■ Task directions ■
In the entries below, spot each line with the word "Numbers" and copy it.

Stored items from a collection
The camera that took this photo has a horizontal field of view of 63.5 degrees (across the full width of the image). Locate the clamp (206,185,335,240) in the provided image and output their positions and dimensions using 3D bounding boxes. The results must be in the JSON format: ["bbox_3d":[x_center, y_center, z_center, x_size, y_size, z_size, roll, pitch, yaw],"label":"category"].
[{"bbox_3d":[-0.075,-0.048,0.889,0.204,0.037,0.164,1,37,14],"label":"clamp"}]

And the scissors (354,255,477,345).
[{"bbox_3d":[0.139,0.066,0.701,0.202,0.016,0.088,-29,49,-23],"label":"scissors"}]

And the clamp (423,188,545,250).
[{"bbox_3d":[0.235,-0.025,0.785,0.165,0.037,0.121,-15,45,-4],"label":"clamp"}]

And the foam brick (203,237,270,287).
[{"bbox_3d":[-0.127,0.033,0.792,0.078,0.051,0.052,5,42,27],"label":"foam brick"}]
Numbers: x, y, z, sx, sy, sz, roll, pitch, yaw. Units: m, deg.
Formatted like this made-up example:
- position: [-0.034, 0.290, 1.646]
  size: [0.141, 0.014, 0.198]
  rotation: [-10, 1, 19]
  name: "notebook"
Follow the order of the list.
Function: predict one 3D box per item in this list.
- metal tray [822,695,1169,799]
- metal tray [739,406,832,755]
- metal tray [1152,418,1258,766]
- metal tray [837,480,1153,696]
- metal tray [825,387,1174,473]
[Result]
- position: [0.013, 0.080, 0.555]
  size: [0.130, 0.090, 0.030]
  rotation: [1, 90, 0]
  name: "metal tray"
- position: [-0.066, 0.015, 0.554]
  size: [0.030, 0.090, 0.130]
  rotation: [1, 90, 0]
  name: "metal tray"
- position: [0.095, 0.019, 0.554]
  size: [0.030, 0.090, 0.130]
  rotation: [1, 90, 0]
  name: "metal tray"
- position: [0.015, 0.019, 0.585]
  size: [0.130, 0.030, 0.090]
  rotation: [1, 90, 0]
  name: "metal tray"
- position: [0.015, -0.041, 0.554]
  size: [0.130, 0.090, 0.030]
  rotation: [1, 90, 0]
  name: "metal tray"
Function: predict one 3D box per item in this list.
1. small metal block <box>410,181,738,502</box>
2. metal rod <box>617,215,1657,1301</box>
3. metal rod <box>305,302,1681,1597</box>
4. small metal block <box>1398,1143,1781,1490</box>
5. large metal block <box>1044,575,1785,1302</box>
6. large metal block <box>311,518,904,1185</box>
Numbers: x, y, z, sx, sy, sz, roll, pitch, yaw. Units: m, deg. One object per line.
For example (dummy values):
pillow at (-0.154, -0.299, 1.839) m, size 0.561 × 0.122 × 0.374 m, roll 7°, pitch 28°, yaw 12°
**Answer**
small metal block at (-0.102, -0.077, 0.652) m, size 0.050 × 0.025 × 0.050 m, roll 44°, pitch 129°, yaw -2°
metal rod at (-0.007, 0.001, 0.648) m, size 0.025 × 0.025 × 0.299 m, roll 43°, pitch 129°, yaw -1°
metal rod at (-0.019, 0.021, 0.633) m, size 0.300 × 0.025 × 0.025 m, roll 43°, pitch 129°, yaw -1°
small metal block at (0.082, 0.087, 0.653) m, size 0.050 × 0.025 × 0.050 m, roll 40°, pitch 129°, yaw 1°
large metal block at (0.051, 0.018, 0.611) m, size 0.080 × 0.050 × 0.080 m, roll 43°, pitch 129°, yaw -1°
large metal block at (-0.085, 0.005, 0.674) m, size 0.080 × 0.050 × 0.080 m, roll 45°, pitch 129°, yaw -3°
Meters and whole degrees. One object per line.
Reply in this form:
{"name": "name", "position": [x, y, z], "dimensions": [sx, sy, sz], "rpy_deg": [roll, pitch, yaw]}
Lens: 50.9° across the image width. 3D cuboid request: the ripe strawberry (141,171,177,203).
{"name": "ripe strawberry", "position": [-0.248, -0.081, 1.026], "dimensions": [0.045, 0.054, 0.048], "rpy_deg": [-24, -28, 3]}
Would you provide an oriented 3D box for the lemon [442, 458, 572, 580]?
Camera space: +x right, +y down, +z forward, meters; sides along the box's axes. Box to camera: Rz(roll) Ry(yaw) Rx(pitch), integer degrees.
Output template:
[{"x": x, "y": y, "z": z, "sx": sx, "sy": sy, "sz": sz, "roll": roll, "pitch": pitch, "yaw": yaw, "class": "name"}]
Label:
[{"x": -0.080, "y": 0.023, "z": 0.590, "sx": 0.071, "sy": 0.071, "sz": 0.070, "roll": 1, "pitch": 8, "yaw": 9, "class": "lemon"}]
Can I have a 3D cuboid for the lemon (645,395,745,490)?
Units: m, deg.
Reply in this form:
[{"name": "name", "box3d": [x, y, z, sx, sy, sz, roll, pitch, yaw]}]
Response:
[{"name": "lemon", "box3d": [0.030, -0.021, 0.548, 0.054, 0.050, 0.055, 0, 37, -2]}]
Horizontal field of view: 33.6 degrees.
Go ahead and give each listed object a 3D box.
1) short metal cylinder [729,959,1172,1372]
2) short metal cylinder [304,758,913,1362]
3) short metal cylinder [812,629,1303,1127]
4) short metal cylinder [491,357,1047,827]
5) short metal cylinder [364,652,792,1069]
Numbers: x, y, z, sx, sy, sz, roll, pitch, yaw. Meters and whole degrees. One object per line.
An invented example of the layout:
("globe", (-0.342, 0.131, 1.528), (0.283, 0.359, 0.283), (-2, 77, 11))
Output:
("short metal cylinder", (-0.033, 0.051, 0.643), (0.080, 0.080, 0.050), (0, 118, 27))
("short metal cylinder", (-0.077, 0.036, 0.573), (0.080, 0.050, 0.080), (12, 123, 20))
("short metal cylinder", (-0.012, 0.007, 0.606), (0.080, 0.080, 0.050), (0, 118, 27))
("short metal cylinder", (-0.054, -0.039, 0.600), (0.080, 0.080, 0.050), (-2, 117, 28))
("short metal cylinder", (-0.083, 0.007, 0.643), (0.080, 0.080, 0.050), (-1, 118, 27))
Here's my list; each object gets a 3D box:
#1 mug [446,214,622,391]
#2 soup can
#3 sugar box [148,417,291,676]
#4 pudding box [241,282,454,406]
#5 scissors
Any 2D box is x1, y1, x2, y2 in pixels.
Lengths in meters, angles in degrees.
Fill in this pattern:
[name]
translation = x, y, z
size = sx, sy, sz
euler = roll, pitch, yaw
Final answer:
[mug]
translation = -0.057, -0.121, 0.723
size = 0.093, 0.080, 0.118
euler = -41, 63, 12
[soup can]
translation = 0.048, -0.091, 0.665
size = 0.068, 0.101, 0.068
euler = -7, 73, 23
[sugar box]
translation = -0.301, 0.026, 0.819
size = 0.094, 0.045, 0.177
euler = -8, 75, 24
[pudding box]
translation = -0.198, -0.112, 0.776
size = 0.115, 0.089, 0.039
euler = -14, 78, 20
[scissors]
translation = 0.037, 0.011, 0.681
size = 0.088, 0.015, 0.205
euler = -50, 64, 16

■ Response ■
Numbers: x, y, z, sx, sy, sz, roll, pitch, yaw. Units: m, deg.
Numbers: x, y, z, sx, sy, sz, roll, pitch, yaw. Units: m, deg. One object per line.
Numbers: x, y, z, sx, sy, sz, roll, pitch, yaw. Meters and whole degrees. One object per line.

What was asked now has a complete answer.